━━━━━ TASK DATA
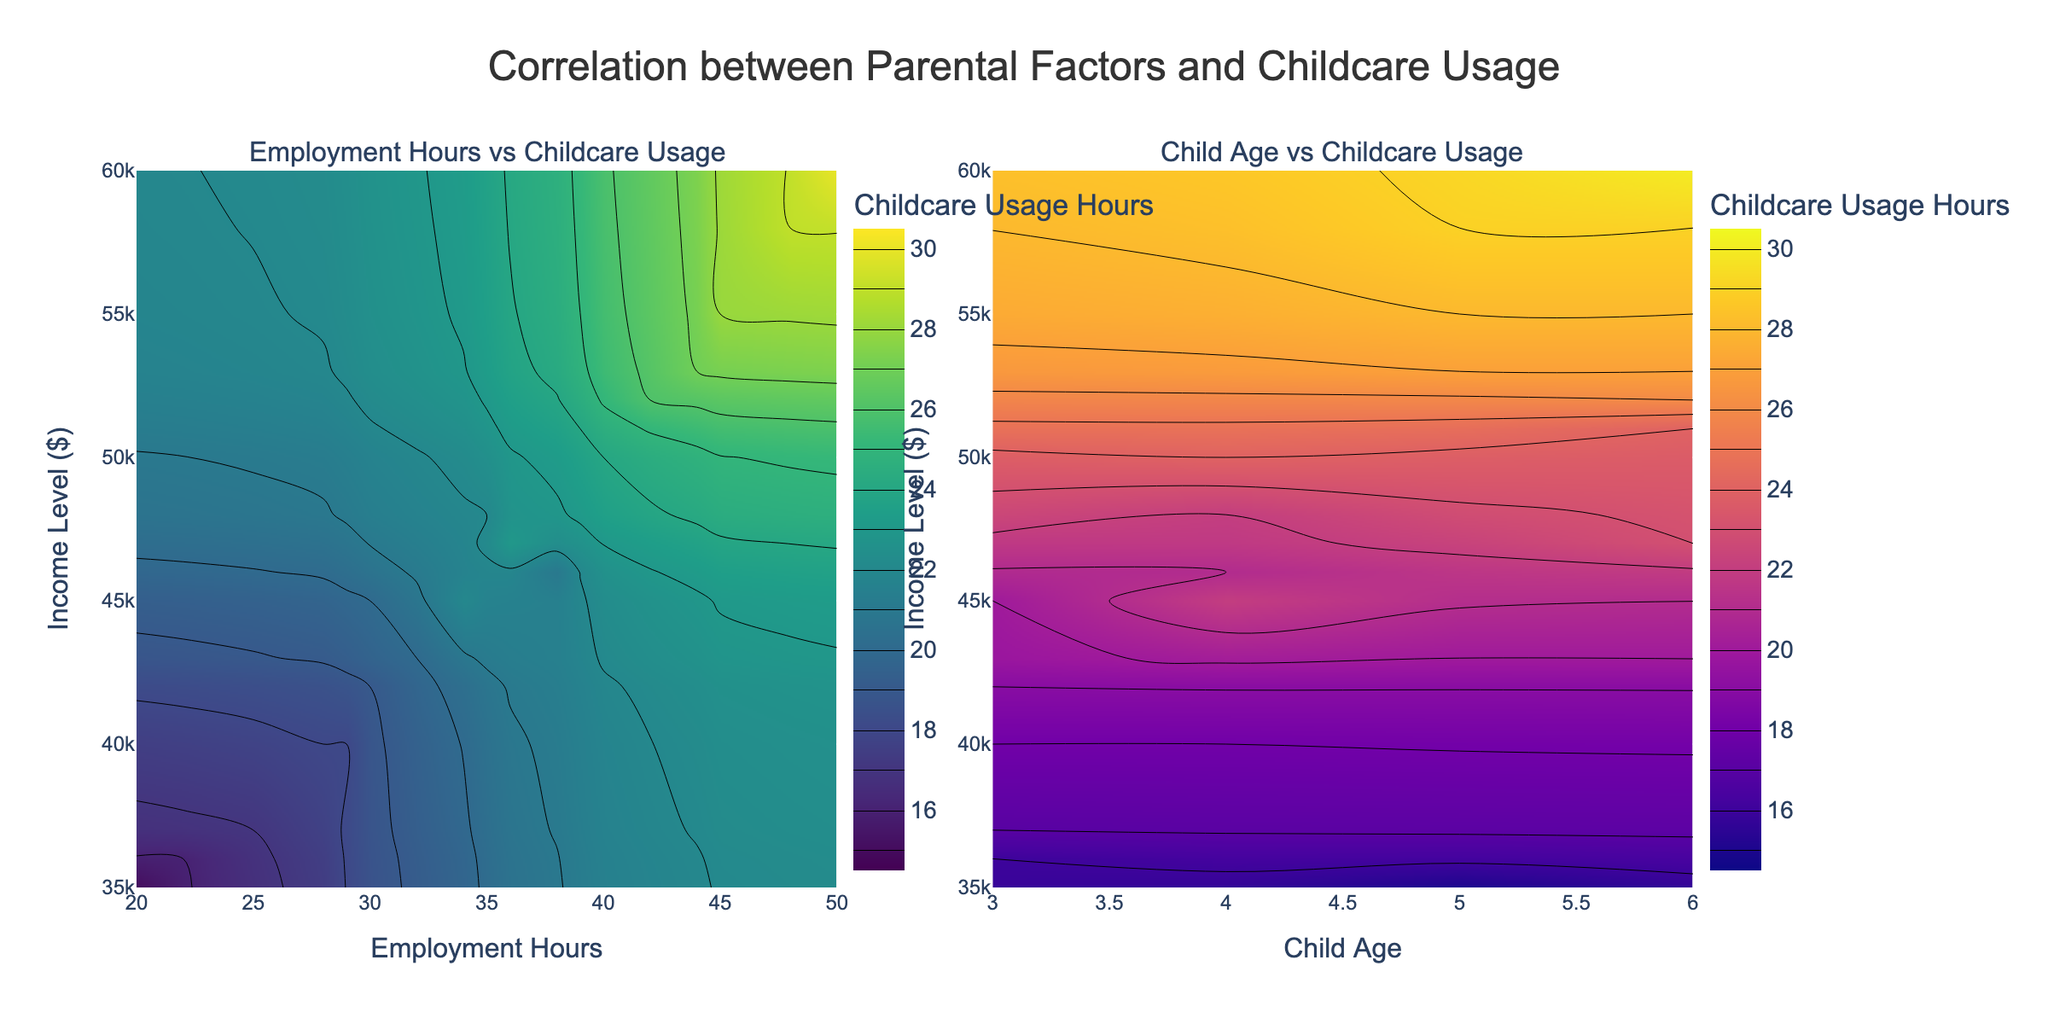What's the title of the figure? The title of the figure is displayed at the top, centered, and states, "Correlation between Parental Factors and Childcare Usage".
Answer: Correlation between Parental Factors and Childcare Usage What are the axes labels in the first subplot? The first subplot has the x-axis labeled "Employment Hours" and the y-axis labeled "Income Level ($)".
Answer: Employment Hours, Income Level ($) What is the color scale used in the first subplot? The color scale used in the first subplot is "Viridis", which ranges from dark blue to bright yellow-green.
Answer: Viridis Which subplot shows a correlation specifically between Child Age and Childcare Usage Hours? The second subplot shows a correlation between Child Age (x-axis) and Childcare Usage Hours (color scale).
Answer: Second subplot How many subplots are present in the figure? The figure is divided into two subplots side by side, each representing different correlations with childcare usage.
Answer: Two What is the range of Childcare Usage Hours in both subplots? Both subplots use a color scale with a range for Childcare Usage Hours between 15 to 30 hours.
Answer: 15 to 30 hours Which subplot color scale uses Plasma colors? The second subplot uses the "Plasma" color scale, ranging from dark purple to bright yellow.
Answer: Second subplot By observing the first subplot, does higher parental employment hours generally correlate with higher childcare usage? In the first subplot, areas with higher employment hours (40 to 50) tend to show brighter colors, indicating higher childcare usage hours, showing a positive correlation.
Answer: Yes In the second subplot, how does child age affect childcare usage hours when income level is constant? When income level is kept constant in the second subplot, as child age increases from 3 to 6, the color intensity indicates a general increase in childcare usage hours.
Answer: Increases Across both subplots, does it appear that income level has an influence on childcare usage? In both subplots, varying color intensity across different income levels suggests that income level may have an influence on childcare usage, but this isn't consistent across all income levels.
Answer: Yes, but inconsistent 
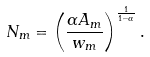<formula> <loc_0><loc_0><loc_500><loc_500>N _ { m } = \left ( \frac { \alpha A _ { m } } { w _ { m } } \right ) ^ { \frac { 1 } { 1 - \alpha } } .</formula> 
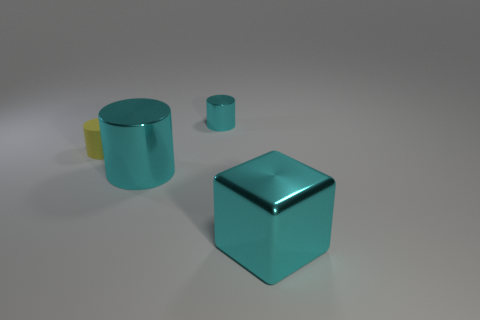What is the material of the big thing that is the same color as the large cube?
Give a very brief answer. Metal. The cylinder that is the same color as the tiny metallic thing is what size?
Provide a succinct answer. Large. How many objects are large red cylinders or cyan metallic cylinders left of the tiny cyan metallic thing?
Your answer should be very brief. 1. How many other things are there of the same shape as the tiny cyan object?
Give a very brief answer. 2. Are there fewer cylinders on the right side of the large shiny cube than matte cylinders that are to the left of the matte thing?
Make the answer very short. No. Are there any other things that are made of the same material as the large cube?
Give a very brief answer. Yes. What is the shape of the big object that is the same material as the big cyan cylinder?
Your answer should be compact. Cube. Is there any other thing of the same color as the shiny cube?
Ensure brevity in your answer.  Yes. What is the color of the small thing that is in front of the cyan metallic cylinder that is behind the yellow object?
Ensure brevity in your answer.  Yellow. The cylinder that is in front of the yellow cylinder that is in front of the cylinder behind the yellow rubber thing is made of what material?
Provide a short and direct response. Metal. 
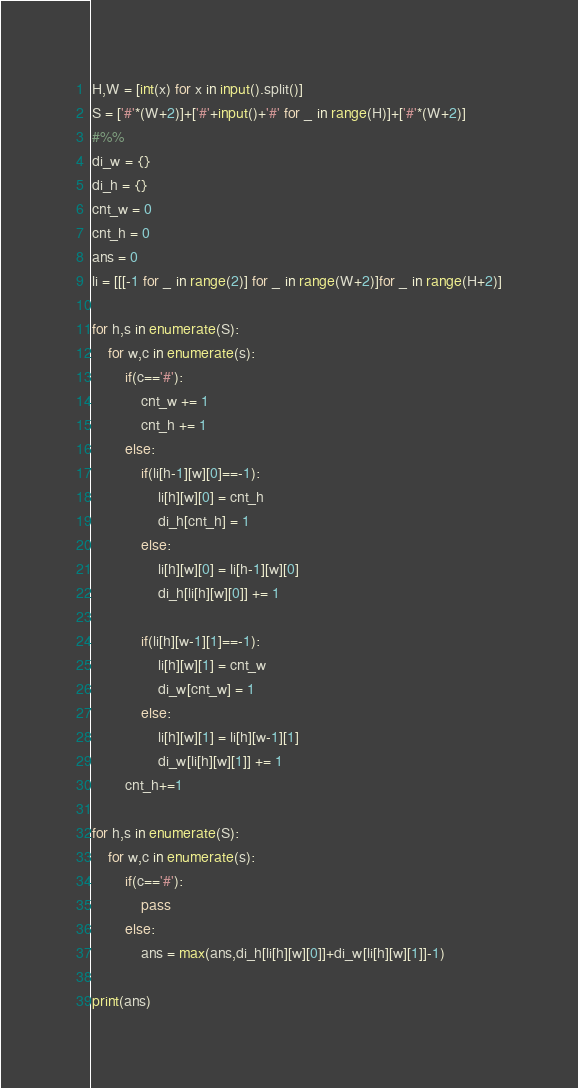Convert code to text. <code><loc_0><loc_0><loc_500><loc_500><_Python_>H,W = [int(x) for x in input().split()]
S = ['#'*(W+2)]+['#'+input()+'#' for _ in range(H)]+['#'*(W+2)]
#%%
di_w = {}
di_h = {}
cnt_w = 0
cnt_h = 0
ans = 0
li = [[[-1 for _ in range(2)] for _ in range(W+2)]for _ in range(H+2)]

for h,s in enumerate(S):
    for w,c in enumerate(s):
        if(c=='#'):
            cnt_w += 1
            cnt_h += 1
        else:
            if(li[h-1][w][0]==-1):
                li[h][w][0] = cnt_h
                di_h[cnt_h] = 1
            else:
                li[h][w][0] = li[h-1][w][0]
                di_h[li[h][w][0]] += 1

            if(li[h][w-1][1]==-1):
                li[h][w][1] = cnt_w
                di_w[cnt_w] = 1
            else:
                li[h][w][1] = li[h][w-1][1]
                di_w[li[h][w][1]] += 1
        cnt_h+=1

for h,s in enumerate(S):
    for w,c in enumerate(s):
        if(c=='#'):
            pass
        else:
            ans = max(ans,di_h[li[h][w][0]]+di_w[li[h][w][1]]-1)

print(ans)
</code>
━━━━━━━━━━
#### WHAT THIS TASK INVOLVES
For each line above that contains the word "very", copy that line.

#### EXERCISE RESPONSE
Give a very brief answer. Metal. The cylinder that is the same color as the tiny metallic thing is what size?
Your answer should be very brief. 1. How many other things are there of the same shape as the tiny cyan object?
Give a very brief answer. 2. Are there fewer cylinders on the right side of the large shiny cube than matte cylinders that are to the left of the matte thing?
Make the answer very short. No. Are there any other things that are made of the same material as the large cube?
Give a very brief answer. Yes. What is the shape of the big object that is the same material as the big cyan cylinder?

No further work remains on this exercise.